Description of the task:
The entries below are to be repeated exactly, and their pictures left out.

[Items listed in a dataset]
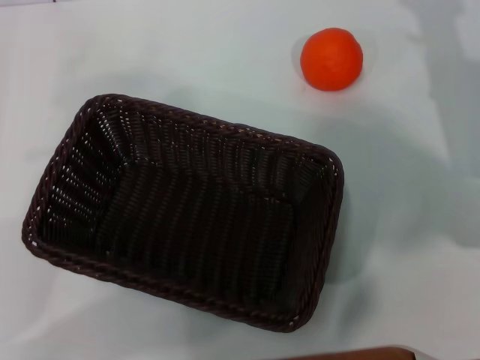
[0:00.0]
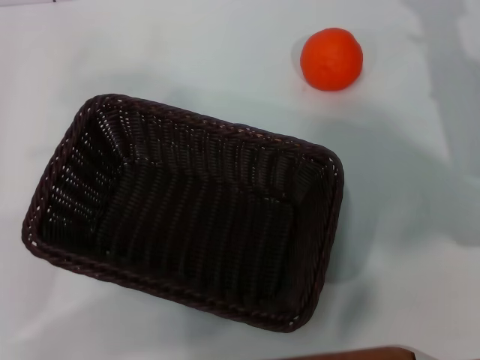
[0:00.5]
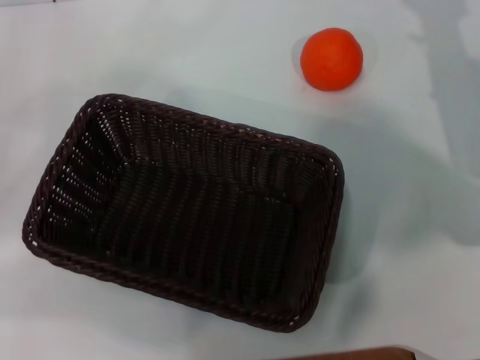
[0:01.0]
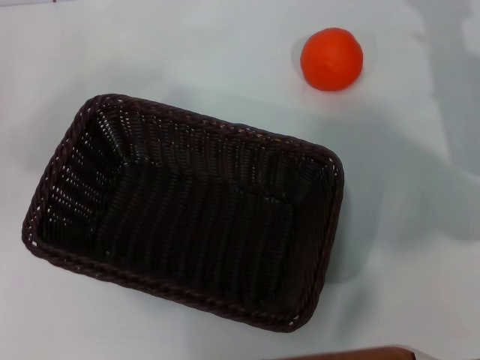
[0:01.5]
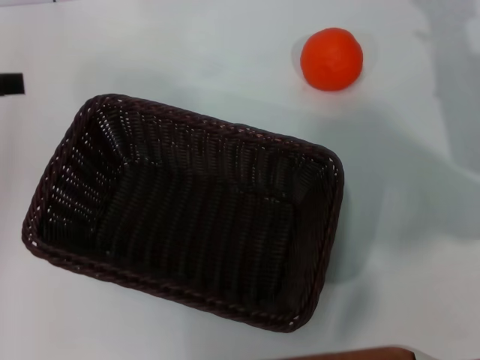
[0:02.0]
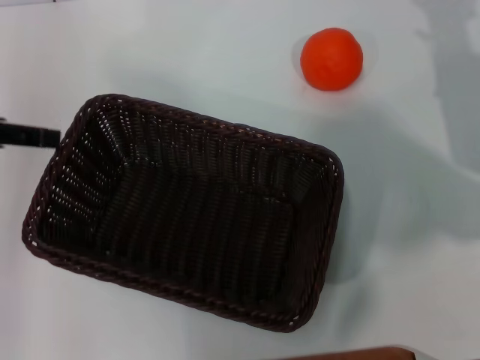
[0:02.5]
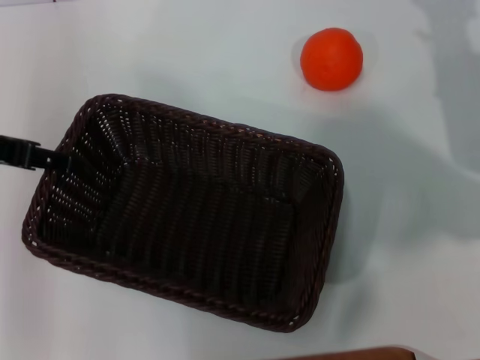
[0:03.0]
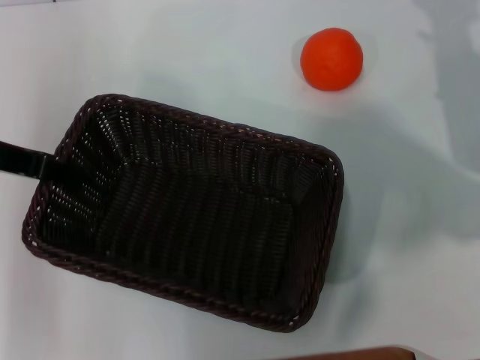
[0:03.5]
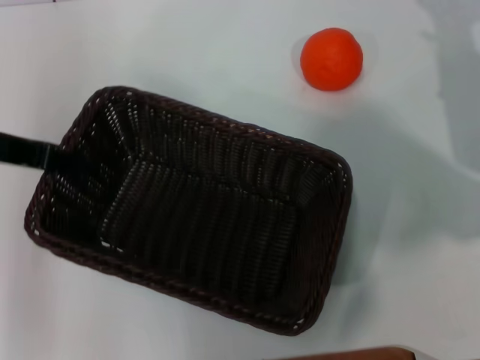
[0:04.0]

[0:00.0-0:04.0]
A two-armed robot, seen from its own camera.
Task of the whole recording: the left gripper pick up the black basket and place it horizontally in the middle of the table, the right gripper pick up the orange and place it into the black basket.
Step, 0:00.0 to 0:04.0: Pick up the dark basket with the left gripper.
0:00.0 to 0:02.0: The left gripper moves upward and forward, some 20 cm.
0:02.0 to 0:04.0: The left gripper shifts about 5 cm to the right, and closes its fingers.

Solved problem:
[0:00.0]
[0:00.5]
[0:01.0]
[0:01.5]
[0:02.0]
[0:02.5]
[0:03.0]
[0:03.5]
[0:04.0]

[0:00.0-0:04.0]
A two-armed robot, seen from its own camera.
Task of the whole recording: the left gripper pick up the black basket and place it horizontally in the middle of the table, the right gripper pick up the orange and place it into the black basket.
Step, 0:00.0 to 0:04.0: Pick up the dark basket with the left gripper.
0:00.0 to 0:02.0: The left gripper moves upward and forward, some 20 cm.
0:02.0 to 0:04.0: The left gripper shifts about 5 cm to the right, and closes its fingers.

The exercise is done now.